*ACTION ITEM*.
What is needed is every line of the data that includes the word "this". Please copy each one.

*GIVEN RECORDS*.
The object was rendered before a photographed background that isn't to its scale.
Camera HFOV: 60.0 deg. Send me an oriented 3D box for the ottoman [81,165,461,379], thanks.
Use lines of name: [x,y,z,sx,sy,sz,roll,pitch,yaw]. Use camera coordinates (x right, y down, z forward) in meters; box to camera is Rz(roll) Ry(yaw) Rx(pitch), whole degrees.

--

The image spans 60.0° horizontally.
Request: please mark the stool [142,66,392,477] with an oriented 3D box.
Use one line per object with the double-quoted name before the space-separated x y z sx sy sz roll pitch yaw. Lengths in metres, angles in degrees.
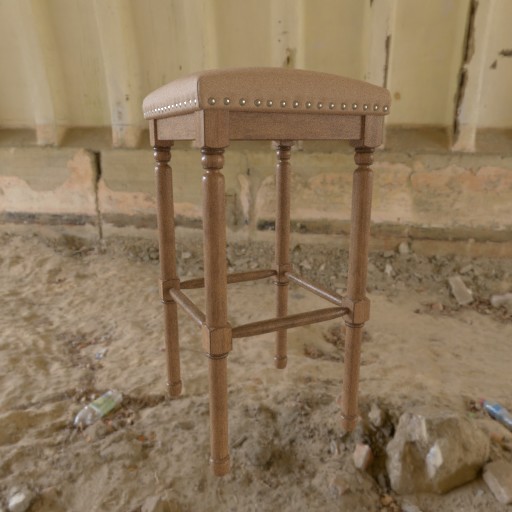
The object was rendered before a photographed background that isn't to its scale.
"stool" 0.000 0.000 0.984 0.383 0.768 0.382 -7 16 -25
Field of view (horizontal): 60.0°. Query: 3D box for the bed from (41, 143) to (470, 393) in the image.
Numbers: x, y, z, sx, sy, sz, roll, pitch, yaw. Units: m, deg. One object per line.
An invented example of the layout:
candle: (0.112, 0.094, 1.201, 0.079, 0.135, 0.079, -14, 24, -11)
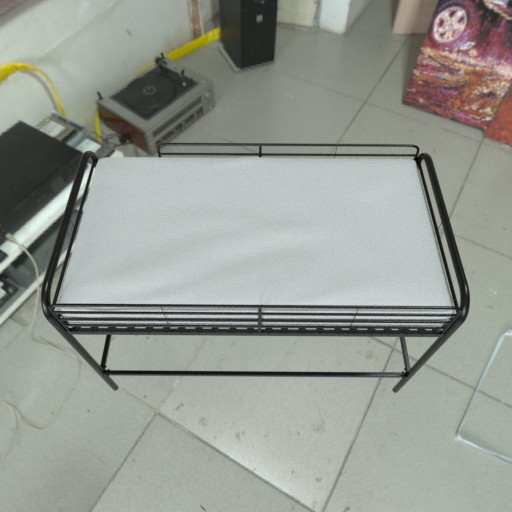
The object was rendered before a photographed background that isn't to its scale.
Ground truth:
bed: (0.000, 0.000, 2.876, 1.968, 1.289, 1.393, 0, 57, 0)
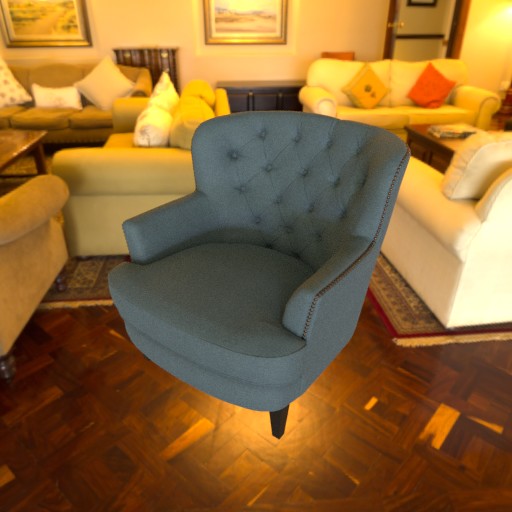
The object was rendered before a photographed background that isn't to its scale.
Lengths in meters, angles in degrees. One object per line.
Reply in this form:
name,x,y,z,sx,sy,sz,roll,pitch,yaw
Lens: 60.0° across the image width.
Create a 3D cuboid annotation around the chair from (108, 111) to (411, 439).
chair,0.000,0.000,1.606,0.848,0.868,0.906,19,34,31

...

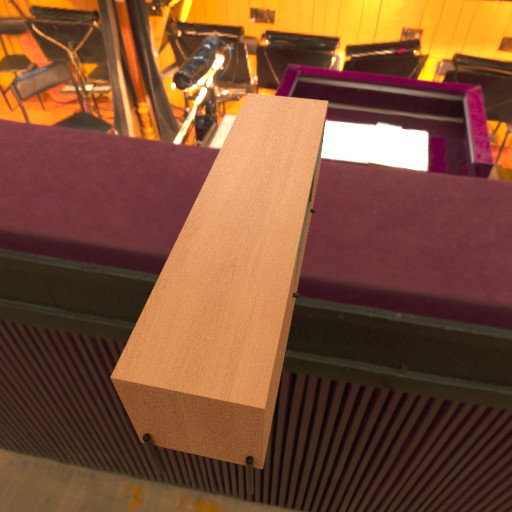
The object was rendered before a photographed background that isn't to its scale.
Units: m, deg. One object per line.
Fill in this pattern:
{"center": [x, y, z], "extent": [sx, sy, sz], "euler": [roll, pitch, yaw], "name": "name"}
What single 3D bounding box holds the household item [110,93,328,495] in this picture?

*ANSWER SPACE*.
Reply in this form:
Fill in this pattern:
What single 3D bounding box holds the household item [110,93,328,495] in this picture?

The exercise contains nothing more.